Task to carry out –
From the line with "Order: by center depth, near to far." to the line with "7) magnifying glass", output every line below exactly, both ends included. Skip the pictures.

Saved entries:
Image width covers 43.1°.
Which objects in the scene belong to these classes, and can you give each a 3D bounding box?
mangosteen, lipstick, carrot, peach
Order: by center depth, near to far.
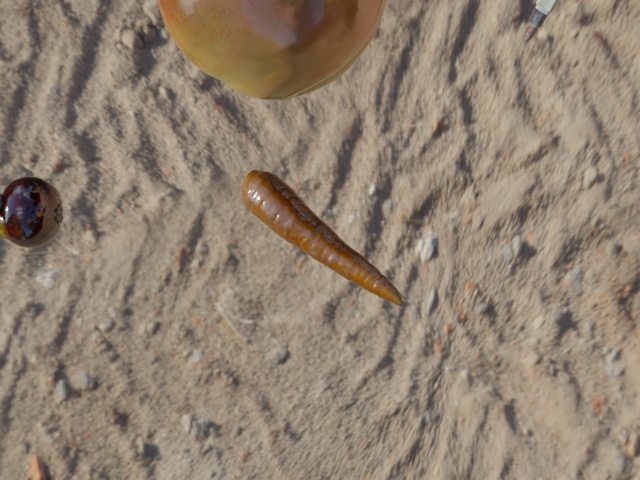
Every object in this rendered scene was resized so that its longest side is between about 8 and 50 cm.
[{"bbox_3d":[-0.032,-0.197,0.591,0.184,0.184,0.184,-1,81,9],"label":"peach"},{"bbox_3d":[0.000,0.000,0.804,0.216,0.048,0.048,39,89,21],"label":"carrot"},{"bbox_3d":[-0.323,-0.032,0.891,0.081,0.081,0.080,-1,81,9],"label":"mangosteen"},{"bbox_3d":[0.310,-0.320,1.130,0.025,0.107,0.025,39,54,12],"label":"lipstick"}]
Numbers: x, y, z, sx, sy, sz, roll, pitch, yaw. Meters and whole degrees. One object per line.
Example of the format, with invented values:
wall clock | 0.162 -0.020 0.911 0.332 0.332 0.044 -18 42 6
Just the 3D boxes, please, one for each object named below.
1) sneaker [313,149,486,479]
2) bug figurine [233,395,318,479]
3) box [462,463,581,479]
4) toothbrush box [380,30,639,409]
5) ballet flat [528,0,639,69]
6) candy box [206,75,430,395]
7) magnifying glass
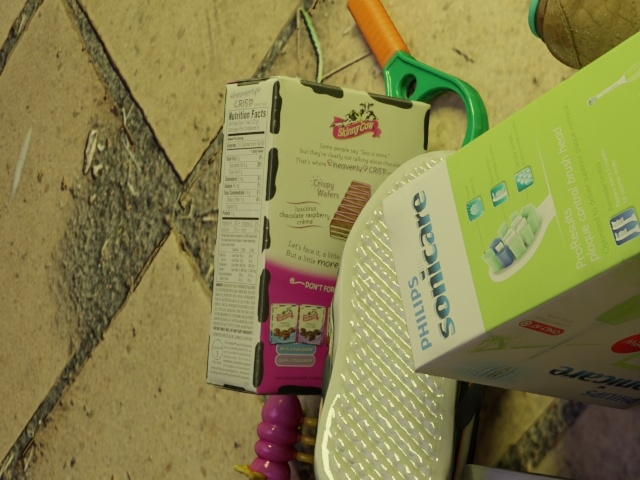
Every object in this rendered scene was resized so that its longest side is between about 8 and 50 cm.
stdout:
sneaker | 0.063 0.082 0.929 0.127 0.126 0.321 89 -162 -51
bug figurine | -0.004 0.227 1.021 0.279 0.072 0.216 2 80 50
box | 0.170 0.217 0.804 0.170 0.091 0.130 0 78 50
toothbrush box | 0.210 -0.014 0.741 0.283 0.206 0.122 -31 57 39
ballet flat | 0.253 -0.269 0.860 0.124 0.116 0.342 25 99 30
candy box | 0.000 0.000 0.999 0.071 0.159 0.233 3 88 50
magnifying glass | 0.074 -0.133 1.083 0.092 0.026 0.231 -49 48 28
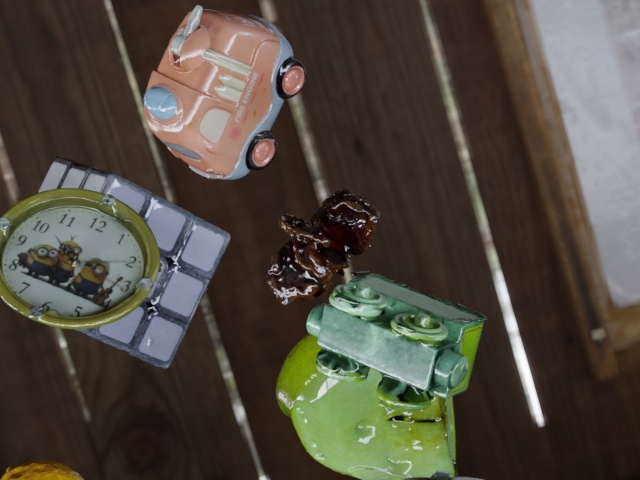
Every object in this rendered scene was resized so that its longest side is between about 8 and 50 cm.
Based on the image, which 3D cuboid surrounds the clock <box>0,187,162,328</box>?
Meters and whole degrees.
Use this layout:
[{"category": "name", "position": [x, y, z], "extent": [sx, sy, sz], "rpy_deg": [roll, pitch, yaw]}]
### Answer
[{"category": "clock", "position": [-0.338, 0.032, 1.788], "extent": [0.237, 0.237, 0.057], "rpy_deg": [-21, 151, -25]}]

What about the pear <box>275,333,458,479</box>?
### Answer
[{"category": "pear", "position": [0.078, 0.262, 2.343], "extent": [0.318, 0.342, 0.238], "rpy_deg": [-8, -153, 8]}]

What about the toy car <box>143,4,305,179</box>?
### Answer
[{"category": "toy car", "position": [-0.173, -0.239, 2.068], "extent": [0.180, 0.271, 0.212], "rpy_deg": [29, -171, 40]}]

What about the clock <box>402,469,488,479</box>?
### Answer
[{"category": "clock", "position": [0.213, 0.333, 1.605], "extent": [0.244, 0.056, 0.244], "rpy_deg": [15, -178, -1]}]

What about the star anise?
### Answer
[{"category": "star anise", "position": [0.000, 0.000, 1.879], "extent": [0.190, 0.126, 0.220], "rpy_deg": [-33, 168, -42]}]

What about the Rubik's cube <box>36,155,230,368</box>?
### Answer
[{"category": "Rubik's cube", "position": [-0.413, 0.040, 2.580], "extent": [0.305, 0.304, 0.301], "rpy_deg": [27, 175, -35]}]

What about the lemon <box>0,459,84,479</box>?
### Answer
[{"category": "lemon", "position": [-0.447, 0.419, 2.076], "extent": [0.187, 0.142, 0.142], "rpy_deg": [9, -157, 37]}]

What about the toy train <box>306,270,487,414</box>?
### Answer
[{"category": "toy train", "position": [0.116, 0.155, 2.019], "extent": [0.271, 0.159, 0.188], "rpy_deg": [21, -163, 30]}]
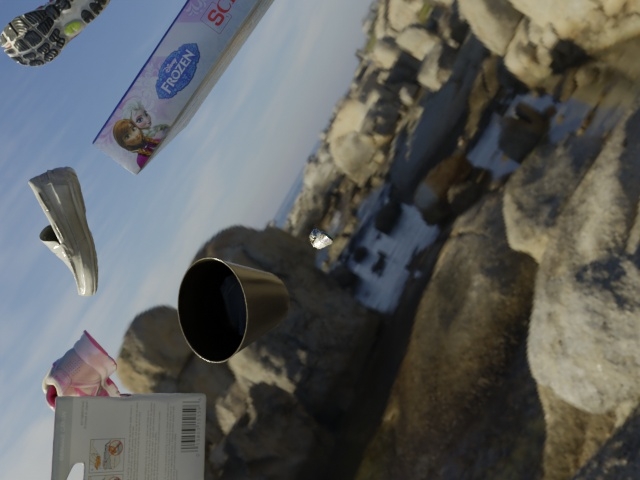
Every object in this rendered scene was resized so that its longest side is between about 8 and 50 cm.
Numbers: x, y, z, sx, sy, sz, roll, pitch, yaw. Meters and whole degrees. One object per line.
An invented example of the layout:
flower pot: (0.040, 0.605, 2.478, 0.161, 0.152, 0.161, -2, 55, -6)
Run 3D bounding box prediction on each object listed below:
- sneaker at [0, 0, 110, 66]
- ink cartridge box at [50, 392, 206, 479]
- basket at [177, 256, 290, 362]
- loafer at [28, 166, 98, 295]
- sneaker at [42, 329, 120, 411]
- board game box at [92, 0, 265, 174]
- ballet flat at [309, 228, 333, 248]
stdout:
sneaker: (-0.523, -0.448, 1.717, 0.279, 0.107, 0.118, -25, 22, 19)
ink cartridge box: (-0.289, 0.364, 1.248, 0.060, 0.239, 0.275, -13, 73, 55)
basket: (-0.165, 0.134, 1.726, 0.227, 0.154, 0.204, 1, -99, -67)
loafer: (-0.569, -0.012, 1.890, 0.112, 0.112, 0.319, -130, 30, -58)
sneaker: (-0.412, 0.247, 1.421, 0.111, 0.103, 0.252, -39, -19, -28)
board game box: (-0.132, -0.255, 1.043, 0.318, 0.066, 0.318, -52, 10, 14)
ballet flat: (0.000, 0.000, 1.914, 0.041, 0.041, 0.114, -61, 16, -1)
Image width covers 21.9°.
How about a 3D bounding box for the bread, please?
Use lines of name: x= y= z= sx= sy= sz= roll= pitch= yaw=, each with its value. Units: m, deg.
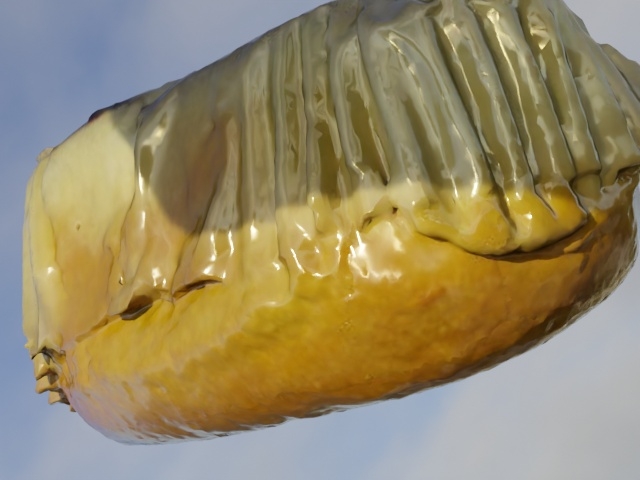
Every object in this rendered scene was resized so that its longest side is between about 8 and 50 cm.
bread: x=-0.012 y=0.002 z=0.840 sx=0.236 sy=0.183 sz=0.389 roll=-9 pitch=-9 yaw=-32
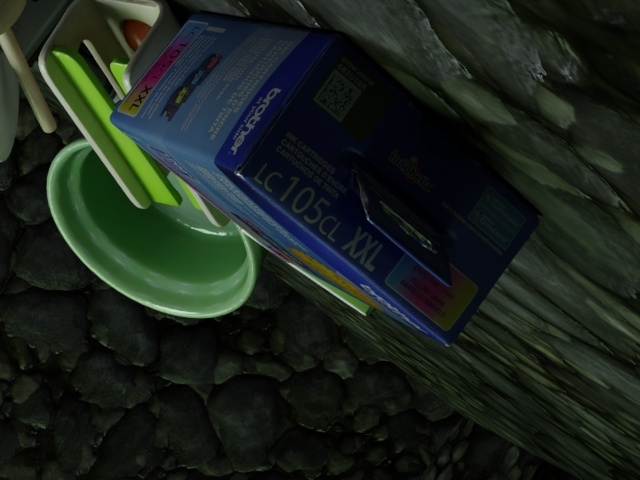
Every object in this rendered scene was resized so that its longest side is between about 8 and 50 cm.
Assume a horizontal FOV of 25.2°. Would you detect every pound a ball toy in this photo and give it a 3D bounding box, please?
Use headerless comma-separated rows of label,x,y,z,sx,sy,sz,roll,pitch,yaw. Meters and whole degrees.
pound a ball toy,-0.215,-0.169,1.562,0.208,0.135,0.319,13,151,30

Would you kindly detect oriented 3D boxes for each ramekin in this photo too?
ramekin,-0.189,-0.057,1.864,0.303,0.148,0.303,18,139,16

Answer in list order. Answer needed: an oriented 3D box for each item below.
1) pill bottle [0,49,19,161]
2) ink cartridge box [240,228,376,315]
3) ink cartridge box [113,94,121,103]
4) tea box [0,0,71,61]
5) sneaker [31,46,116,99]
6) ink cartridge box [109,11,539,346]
pill bottle,-0.507,-0.159,1.581,0.323,0.181,0.181,4,173,1
ink cartridge box,0.000,0.000,1.650,0.189,0.097,0.255,34,-164,11
ink cartridge box,-0.313,-0.203,2.310,0.191,0.082,0.139,34,174,31
tea box,-0.508,-0.319,1.816,0.329,0.220,0.323,37,173,-12
sneaker,-0.415,-0.285,2.202,0.227,0.087,0.130,39,-178,23
ink cartridge box,0.007,-0.062,1.283,0.270,0.151,0.395,39,172,-27
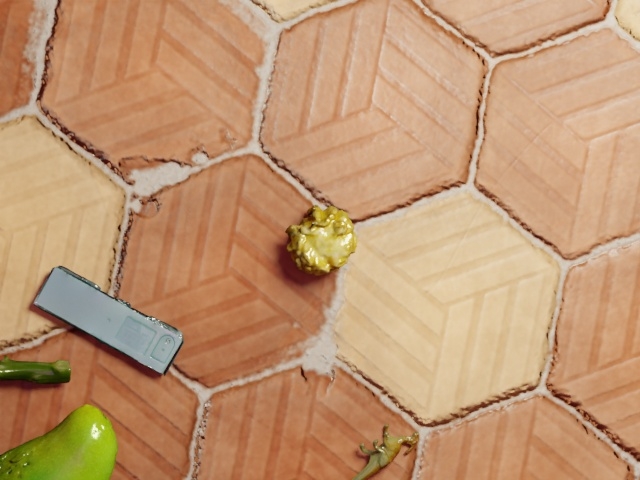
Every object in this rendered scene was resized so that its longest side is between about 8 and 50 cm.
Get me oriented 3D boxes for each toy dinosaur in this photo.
[{"bbox_3d":[0.063,0.245,1.896,0.113,0.026,0.041,-31,107,-12],"label":"toy dinosaur"}]

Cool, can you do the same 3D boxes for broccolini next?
[{"bbox_3d":[-0.392,0.137,1.871,0.216,0.058,0.067,-2,130,-10],"label":"broccolini"}]

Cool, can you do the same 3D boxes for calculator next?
[{"bbox_3d":[-0.239,0.090,1.887,0.172,0.018,0.057,28,86,-2],"label":"calculator"}]

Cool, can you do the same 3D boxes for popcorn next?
[{"bbox_3d":[0.000,0.000,1.883,0.083,0.057,0.082,18,95,-6],"label":"popcorn"}]

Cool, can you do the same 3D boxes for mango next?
[{"bbox_3d":[-0.316,0.280,1.835,0.125,0.111,0.233,36,86,-6],"label":"mango"}]
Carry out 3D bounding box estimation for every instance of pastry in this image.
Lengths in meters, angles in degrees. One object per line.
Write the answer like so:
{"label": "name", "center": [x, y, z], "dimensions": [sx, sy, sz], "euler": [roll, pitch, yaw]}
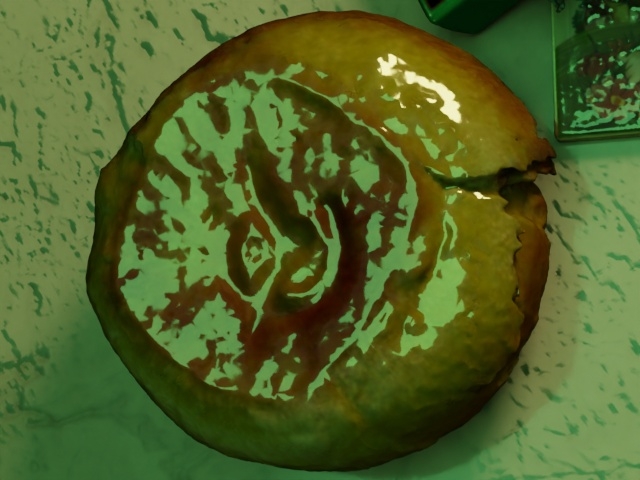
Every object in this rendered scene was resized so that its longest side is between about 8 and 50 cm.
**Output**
{"label": "pastry", "center": [0.000, 0.000, 1.401], "dimensions": [0.356, 0.164, 0.356], "euler": [-1, 84, 14]}

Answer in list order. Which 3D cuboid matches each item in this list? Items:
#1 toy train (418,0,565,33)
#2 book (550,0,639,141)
{"label": "toy train", "center": [0.111, -0.248, 1.433], "dimensions": [0.136, 0.091, 0.228], "euler": [-40, 65, 28]}
{"label": "book", "center": [0.278, -0.238, 1.417], "dimensions": [0.228, 0.018, 0.323], "euler": [-4, 80, 18]}
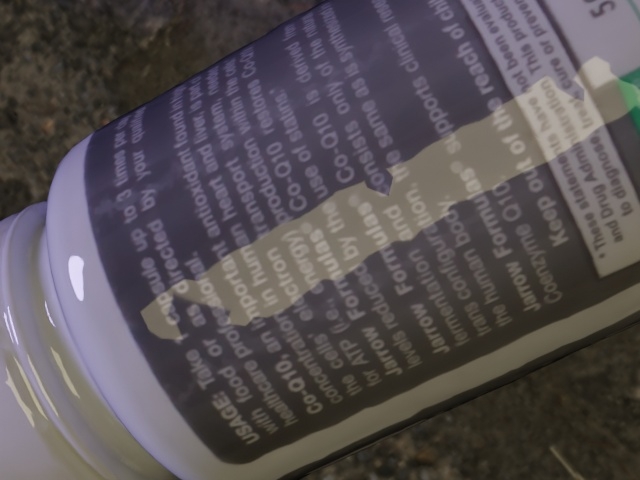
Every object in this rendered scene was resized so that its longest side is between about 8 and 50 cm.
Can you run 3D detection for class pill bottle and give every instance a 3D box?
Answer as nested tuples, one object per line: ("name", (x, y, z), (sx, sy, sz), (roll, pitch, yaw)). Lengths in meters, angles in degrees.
("pill bottle", (0.000, 0.000, 0.417), (0.361, 0.204, 0.204), (-27, 91, 10))
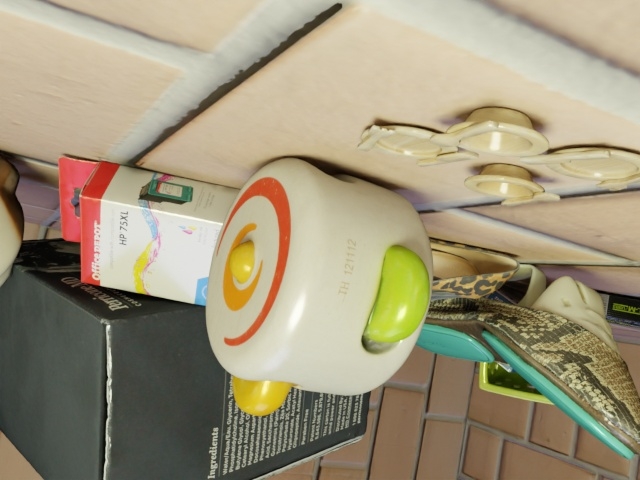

Expected output –
Order: by center depth, near to far.
Every object in this rendered scene was resized so that its longest side is between about 8 and 50 cm.
[{"bbox_3d":[-0.032,-0.197,0.591,0.184,0.184,0.184,-1,81,9],"label":"peach"},{"bbox_3d":[0.000,0.000,0.804,0.216,0.048,0.048,39,89,21],"label":"carrot"},{"bbox_3d":[-0.323,-0.032,0.891,0.081,0.081,0.080,-1,81,9],"label":"mangosteen"},{"bbox_3d":[0.310,-0.320,1.130,0.025,0.107,0.025,39,54,12],"label":"lipstick"}]
Numbers: x, y, z, sx, sy, sz, roll, pitch, yaw. Meters and whole degrees. One object per line.
Example of the format, with invented values:
wall clock | 0.162 -0.020 0.911 0.332 0.332 0.044 -18 42 6
Just the 3D boxes, please, one for each object named below.
1) sneaker [313,149,486,479]
2) bug figurine [233,395,318,479]
3) box [462,463,581,479]
4) toothbrush box [380,30,639,409]
5) ballet flat [528,0,639,69]
6) candy box [206,75,430,395]
7) magnifying glass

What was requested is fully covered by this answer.